Meant to add quite a bit more to that post but someone came and I wanted to get my post in as a marker.
Recently i have been doing a fair bit of research on these 3D printers. his has involved traveling a fair distance to visit people, mainly engineers who have got these things to see how easy they are to work plus quality.
After the first couple of trips it soon became obvious that quality is the deciding factor with these things and from what I have seen this boils down to software..
First the reprap type machines, it seems to me that being open sourced no one is in charge and everyone seems to be doing their own thing and they all use a variation of the same 2 or 3 softwares which haven't been updated in ages.
One of the most important things with 3D printing complex models is the support mesh that needs to be generated to support the actual model. This is worked out from the model itself and is down to the software to work out what is the best solution. this is where the open source software falls over. Not enough work has been put into his aspect.

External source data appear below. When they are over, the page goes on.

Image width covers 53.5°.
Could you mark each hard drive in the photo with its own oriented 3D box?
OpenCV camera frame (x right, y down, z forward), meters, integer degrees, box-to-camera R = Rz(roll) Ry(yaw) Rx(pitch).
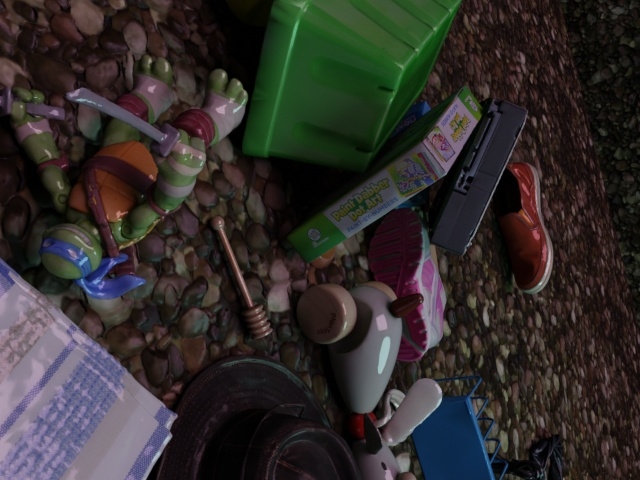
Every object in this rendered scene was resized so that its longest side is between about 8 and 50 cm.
[{"bbox_3d":[0.257,-0.118,1.083,0.339,0.064,0.237,-44,156,-77],"label":"hard drive"}]

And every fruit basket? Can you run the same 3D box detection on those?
[{"bbox_3d":[-0.020,-0.314,0.892,0.391,0.283,0.392,10,44,-10],"label":"fruit basket"}]

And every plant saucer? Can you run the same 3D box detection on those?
[{"bbox_3d":[0.000,0.000,0.954,0.083,0.015,0.084,22,61,-48],"label":"plant saucer"}]

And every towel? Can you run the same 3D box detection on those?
[{"bbox_3d":[-0.264,0.156,0.538,0.285,0.034,0.209,53,44,-26],"label":"towel"}]

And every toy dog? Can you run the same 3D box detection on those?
[{"bbox_3d":[0.097,0.196,0.895,0.220,0.160,0.334,-39,110,-51],"label":"toy dog"}]

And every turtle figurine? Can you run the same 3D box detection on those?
[{"bbox_3d":[-0.187,-0.113,0.593,0.275,0.197,0.266,59,36,-28],"label":"turtle figurine"}]

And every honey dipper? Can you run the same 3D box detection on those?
[{"bbox_3d":[-0.102,0.045,0.795,0.030,0.030,0.161,-26,96,-53],"label":"honey dipper"}]

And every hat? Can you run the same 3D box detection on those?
[{"bbox_3d":[-0.027,0.288,0.726,0.331,0.133,0.332,23,60,-48],"label":"hat"}]

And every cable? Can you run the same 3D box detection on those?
[{"bbox_3d":[0.531,0.528,1.459,0.184,0.047,0.151,-10,87,-54],"label":"cable"}]

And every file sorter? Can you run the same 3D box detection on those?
[{"bbox_3d":[0.231,0.326,1.071,0.104,0.118,0.170,-27,100,-57],"label":"file sorter"}]

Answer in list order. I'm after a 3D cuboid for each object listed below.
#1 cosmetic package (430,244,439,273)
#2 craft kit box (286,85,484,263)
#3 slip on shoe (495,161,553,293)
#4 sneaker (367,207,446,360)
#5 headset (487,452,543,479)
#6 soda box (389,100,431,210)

Recently in MEW there was an article called Another look at Reprap in 204 / 205
Take a look at some of the printed parts in issue 205 and this is typical of the quality.
Now I had chance to look at one of the UP! Minis actually working and the difference was like night and day.
Easy to use, not limited to cartridges, plenty of thought gone in to the mesh problem and it can also self calibrate itself. Parts printed look like moulded parts, not all furry and steps or layers showing.
If I was buying one at this moment I'd go for the UP! mini and I'm not associated in any way with them or anyone who sells them.
One other thing I need to point out though after all the hype of owning one and what you can do with it.
You need a model to work with. Can't stress this enough.
OK if you want to print star wars characters or similar that someone has bothered drawing and making available but if you want to print a cylinder for say a pattern you need the drawing.
So of far more importance is being able to draw in 3D and save as an STL file.
If you can't handle this then really a 3D printer is a toy too far.